§ **Aim of the exercise**:
From the records below, set down exactly the lines starting with the line that contains "- value of moving_down" and going on through the line that contains "- number of rising clk edges in view at which moving_up". Nothing else is wanted.

§ **Stored data**:
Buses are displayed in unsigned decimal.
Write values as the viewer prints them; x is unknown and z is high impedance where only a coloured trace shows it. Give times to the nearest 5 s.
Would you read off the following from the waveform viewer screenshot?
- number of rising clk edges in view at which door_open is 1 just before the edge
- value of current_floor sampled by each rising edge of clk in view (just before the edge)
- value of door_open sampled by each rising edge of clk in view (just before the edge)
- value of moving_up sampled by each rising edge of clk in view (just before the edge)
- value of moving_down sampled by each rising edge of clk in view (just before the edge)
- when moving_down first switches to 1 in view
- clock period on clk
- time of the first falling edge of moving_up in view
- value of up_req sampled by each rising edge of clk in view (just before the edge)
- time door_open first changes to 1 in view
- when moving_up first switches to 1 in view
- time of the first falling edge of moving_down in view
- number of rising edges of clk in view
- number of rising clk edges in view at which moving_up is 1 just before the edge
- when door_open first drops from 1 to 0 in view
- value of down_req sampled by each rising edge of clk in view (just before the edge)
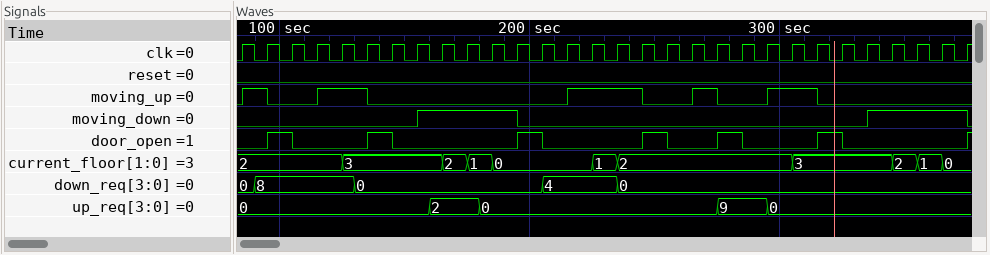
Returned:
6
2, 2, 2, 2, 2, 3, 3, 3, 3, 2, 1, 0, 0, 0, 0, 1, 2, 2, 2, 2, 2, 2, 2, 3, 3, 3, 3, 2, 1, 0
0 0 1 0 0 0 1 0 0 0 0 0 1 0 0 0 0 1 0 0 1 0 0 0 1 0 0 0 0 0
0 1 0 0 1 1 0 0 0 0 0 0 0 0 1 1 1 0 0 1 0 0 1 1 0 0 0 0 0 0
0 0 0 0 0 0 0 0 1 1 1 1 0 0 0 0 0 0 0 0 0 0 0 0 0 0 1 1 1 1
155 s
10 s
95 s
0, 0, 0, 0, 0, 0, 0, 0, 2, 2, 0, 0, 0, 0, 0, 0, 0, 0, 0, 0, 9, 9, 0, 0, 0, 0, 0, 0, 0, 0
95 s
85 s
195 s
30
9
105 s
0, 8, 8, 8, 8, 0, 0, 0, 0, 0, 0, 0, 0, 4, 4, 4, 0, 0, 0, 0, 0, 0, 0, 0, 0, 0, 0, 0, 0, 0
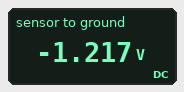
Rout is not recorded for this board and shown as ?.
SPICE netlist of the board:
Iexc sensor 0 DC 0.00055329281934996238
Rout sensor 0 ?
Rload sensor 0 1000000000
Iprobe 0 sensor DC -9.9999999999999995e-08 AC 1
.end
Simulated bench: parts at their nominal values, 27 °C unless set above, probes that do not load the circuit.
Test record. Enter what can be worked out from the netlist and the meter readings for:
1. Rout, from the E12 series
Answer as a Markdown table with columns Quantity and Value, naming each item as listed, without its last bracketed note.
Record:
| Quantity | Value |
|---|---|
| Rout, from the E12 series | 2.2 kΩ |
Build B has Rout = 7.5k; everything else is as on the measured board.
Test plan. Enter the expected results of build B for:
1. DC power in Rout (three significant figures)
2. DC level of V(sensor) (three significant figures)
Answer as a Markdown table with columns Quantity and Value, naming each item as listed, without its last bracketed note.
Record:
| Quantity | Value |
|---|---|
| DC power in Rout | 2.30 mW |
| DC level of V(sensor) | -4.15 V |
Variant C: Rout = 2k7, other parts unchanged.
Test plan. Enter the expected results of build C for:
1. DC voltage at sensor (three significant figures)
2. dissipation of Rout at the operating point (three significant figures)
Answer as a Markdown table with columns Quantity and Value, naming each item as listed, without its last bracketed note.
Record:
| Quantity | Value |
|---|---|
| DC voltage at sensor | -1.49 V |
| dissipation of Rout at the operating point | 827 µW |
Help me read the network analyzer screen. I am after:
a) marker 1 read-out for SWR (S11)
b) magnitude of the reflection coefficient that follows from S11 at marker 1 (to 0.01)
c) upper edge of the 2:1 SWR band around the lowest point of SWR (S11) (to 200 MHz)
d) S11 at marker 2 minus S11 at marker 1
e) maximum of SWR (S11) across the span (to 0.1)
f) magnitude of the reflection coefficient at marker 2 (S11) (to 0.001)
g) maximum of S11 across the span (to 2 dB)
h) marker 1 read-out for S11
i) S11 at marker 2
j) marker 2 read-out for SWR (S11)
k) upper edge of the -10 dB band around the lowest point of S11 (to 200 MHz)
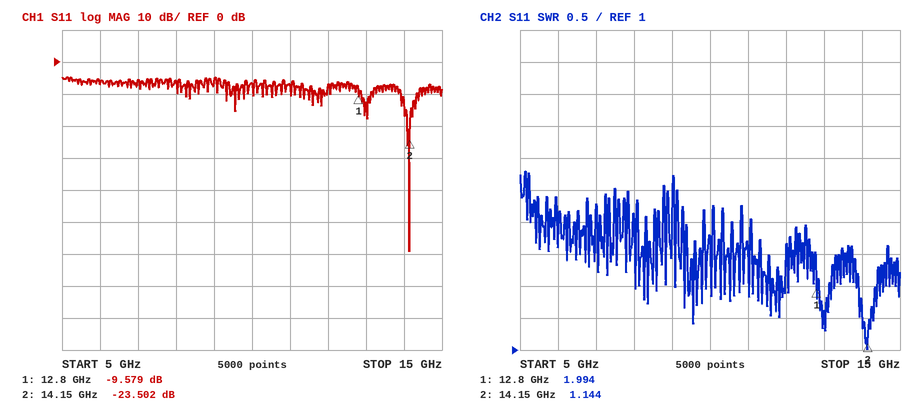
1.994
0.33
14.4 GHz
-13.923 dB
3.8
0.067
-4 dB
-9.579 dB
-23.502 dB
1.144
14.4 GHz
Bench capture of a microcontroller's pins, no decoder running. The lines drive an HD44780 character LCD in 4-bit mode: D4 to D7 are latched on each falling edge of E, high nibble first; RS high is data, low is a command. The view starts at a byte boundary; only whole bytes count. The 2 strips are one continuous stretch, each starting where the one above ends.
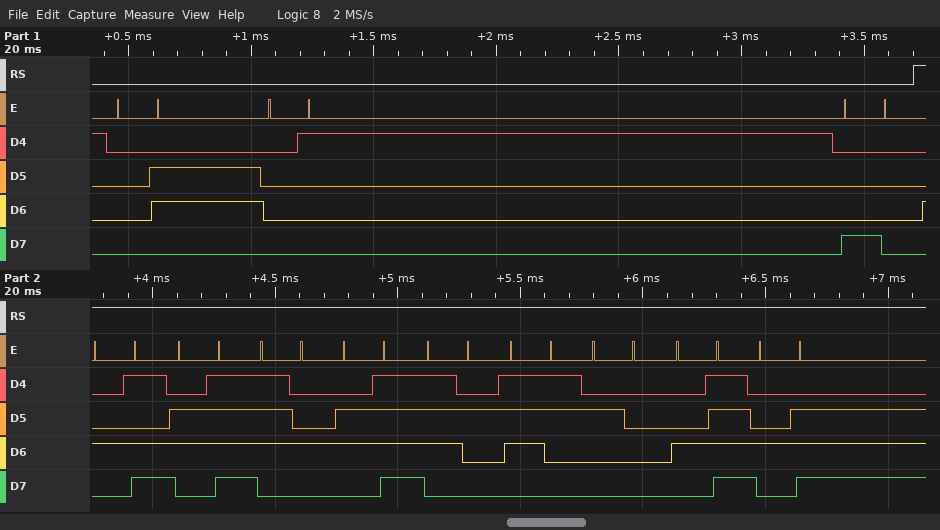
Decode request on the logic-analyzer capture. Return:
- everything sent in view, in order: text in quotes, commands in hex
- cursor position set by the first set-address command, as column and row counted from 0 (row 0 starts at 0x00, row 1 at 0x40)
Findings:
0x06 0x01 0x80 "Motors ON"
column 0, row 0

§ **Answer to this exercise**:
- value of moving_down sampled by each rising edge of clk in view (just before the edge)
- when moving_down first switches to 1 in view
- clock period on clk
- time of the first falling edge of moving_up in view
- value of up_req sampled by each rising edge of clk in view (just before the edge)
- time door_open first changes to 1 in view
- when moving_up first switches to 1 in view
- time of the first falling edge of moving_down in view
- number of rising edges of clk in view
- number of rising clk edges in view at which moving_up is 1 just before the edge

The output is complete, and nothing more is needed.